# Problème de Disque Dur (PB G4)



## oleo (23 Avril 2010)

Bonjour à tous,

Un amis ma fillé hier son vieux PowerBook G4 alu ( mon premier mac <3 ), tout marche sauf le DD (</3).
En effet, quand je l'allume ( avec rien dans le lecteur disque ), l'écran devient gris et un logo apparait au milieu: un ficher avec un "?" et l'image du finder en alterné :mouais:.
J'essaie alors de mettre un CD d'installation, mais au moment ou il me demande de choisir un emplacement pour l'installation, il n'y a aucun volume !!

Alors, problème de DD mort ? La version du disque d'installation ( pirate :s) ?
Enfin, si c'est un problème de disque dur, avec quoi le remplacer, un IDE ? SATA ?.
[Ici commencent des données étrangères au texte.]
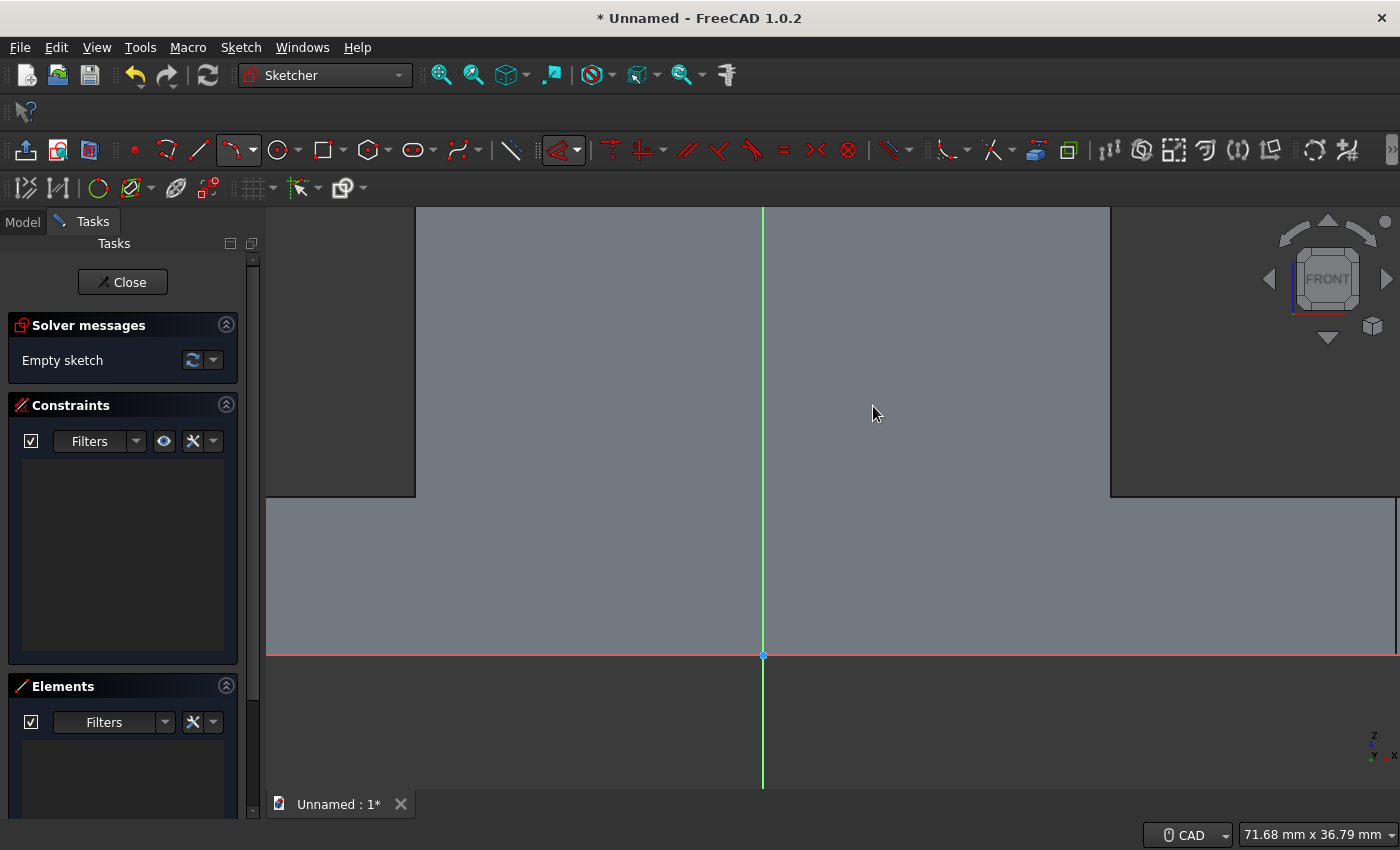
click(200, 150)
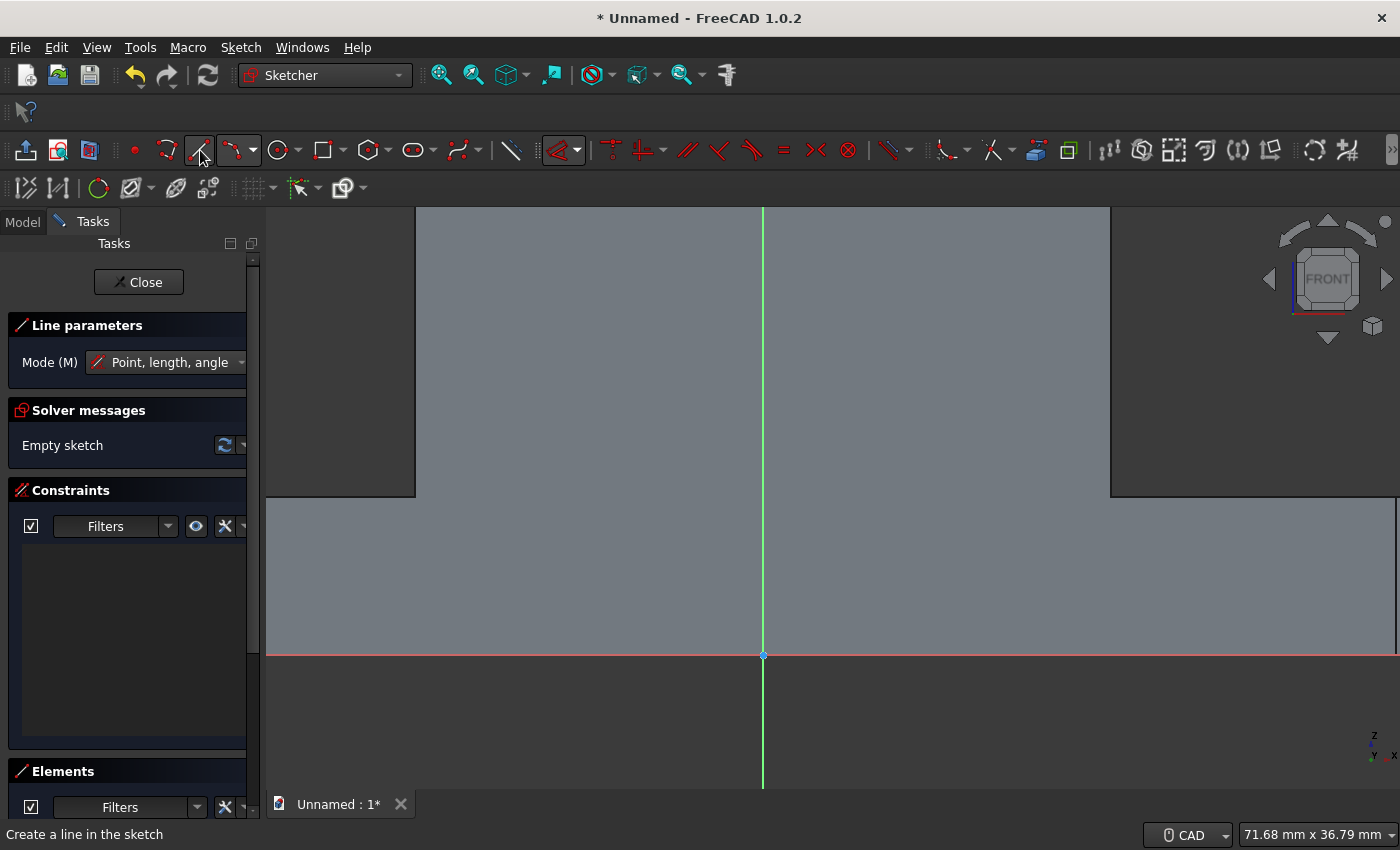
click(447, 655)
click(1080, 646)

Voila j'ai exposé le problème, et malgré plusieurs sites visités je tourne en rond :rose:!

Merci


----------



## iMacounet (23 Avril 2010)

Si tu as l'icône du finder qui clignote, ton dd est mort. Et un cd pirate de OS X  c'est pas bien, trouve un orginal ! de 10.3 ou 10.4 
le dd est en ide

va sur sterpin.net tu trouvera la procédure de démontage.

http://www.sterpin.net/dossiers.htm


----------



## oleo (23 Avril 2010)

Erf, je m'y attendais un peu 
En tout cas merci de m'avoir repondus aussi vite et aussi bien 

Un dernière question, le DD IDE, c'est un 2.5" ?


----------



## Andre_Sterpin (20 Mai 2010)

Un 3,5 pouces ne rentrera qu'au burin


----------